NamingConstraintsTable_UnNamedViolation
Figure 2.1

Compare that with the error message for our named constraint (Figure 2.2).

NamingConstraintsTable_NamedViolation
Figure 2.2

As we have a proper, descriptive constraint name here, straight away we can say that the error occurred as we tried to insert a value that was not greater than 0.


When Naming Constraints is not applicable.

TL;DR

Do not name constraints on temporary tables.

Why?

Why as in what would a use case for this be? I use this a lot to step through code with different variables, especially with stored procedures.

Two windows, side by side, running them step by step and comparing the results in each.

I know, fun right?…

Or why as in why should you not name constraints on temporary tables?
Well that’s going to require a bit more detail.

SQL Server requires a unique name on it’s objects as they must comply with the rules of identifiers.

So if we were troubleshooting a procedure and attempted to pass results into a temporary table…

CREATE TABLE #Temp02
( 
Col1 int IDENTITY(1,1) NOT NULL,
Col2 varchar(256) CONSTRAINT [Col2_neq_Forbidden] CHECK (Col2 <> 'Fobidden')
);

INSERT INTO #Temp02 (Col2)
SELECT name FROM sys.all_objects;

SELECT * FROM #Temp02;
GO

 

… we should have no problem.

TempTableCreationNoErrors
Figure 3.1

But say we try to do that in two seperate windows…

SideBySideTempTableCreationErrors
Figure 3.2

… Big, angry error message telling us that it could not create the constraint and that an object alreadt exists in the database.

Now say that we were to not explicitly name the constraints on these tables?

CREATE TABLE #Temp02
( 
Col1 int IDENTITY(1,1) NOT NULL,
Col2 varchar(256)
);

INSERT INTO #Temp02 (Col2)
SELECT name FROM sys.all_objects;

SELECT * FROM #Temp02;
GO
NamingConstraints_NoConstraints
Figure 3.3

No problem!

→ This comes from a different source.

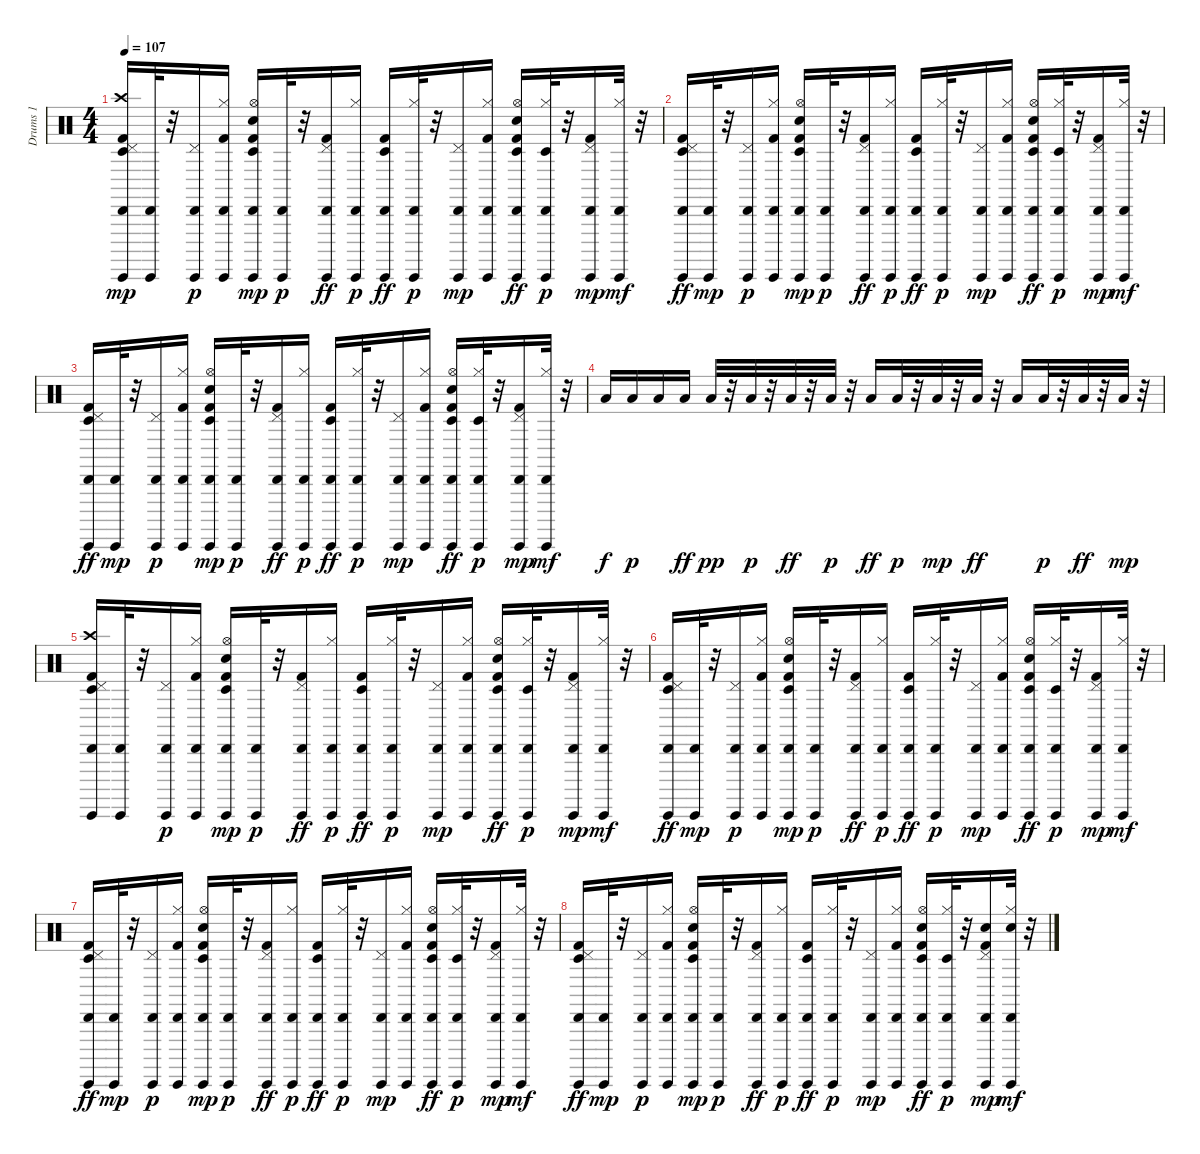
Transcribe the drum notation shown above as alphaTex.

Since we have not explicitly named the constraint, SQL Server does not violate it’s rule for identifiers and so does not throw an error message!


Caveats

Yes, I know that this could be classed as an extreme edge case but that is not the caveat that I’m talking about here.

If you are in the habit of not skipping over reading the actual SQL code, you may be wondering to yourself.

Well, the temp tables are called the same name and they should follow the rules for identifiers as well, no? Why aren’t they throwing an error?

Well that’s because temp tables are treated a bit differently than other objects.

Consider the following example where we try to find our temp table in TempDB:

SELECT * FROM tempdb.sys.tables WHERE name = '#Temp02';
NamingConstraints_NoResults_EqTempTable
Figure 4.1

Nothing. It doesn’t exist. But we didn’t drop it and we haven’t closed the scope so it can’t have just disappeared!

If we change our select statement to the LIKE operator with an ending %…

 

SELECT * FROM tempdb.sys.tables WHERE name LIKE '#Temp02%';
NamingConstraints_Results_LikeTempTable
Figure 4.2

SQL Server, knowing that temp tables could get created multiple times concurrently (especially if created in Stored Procedures),  gets around the rule for identifiers with temp tables by adding a unique suffix onto each temp table that is created.

Therefore, it doesn’t violate the rule, it doesn’t error out and multiple concurrent sme-named temp tables can be created.

Why doesn’t this unique suffix happen with constraints aswell? Is this on purpose? By  Design?
Well the only answer I can give is, I don’t know.

But what I do know is that, in these cases with temp, don’t name your constraints.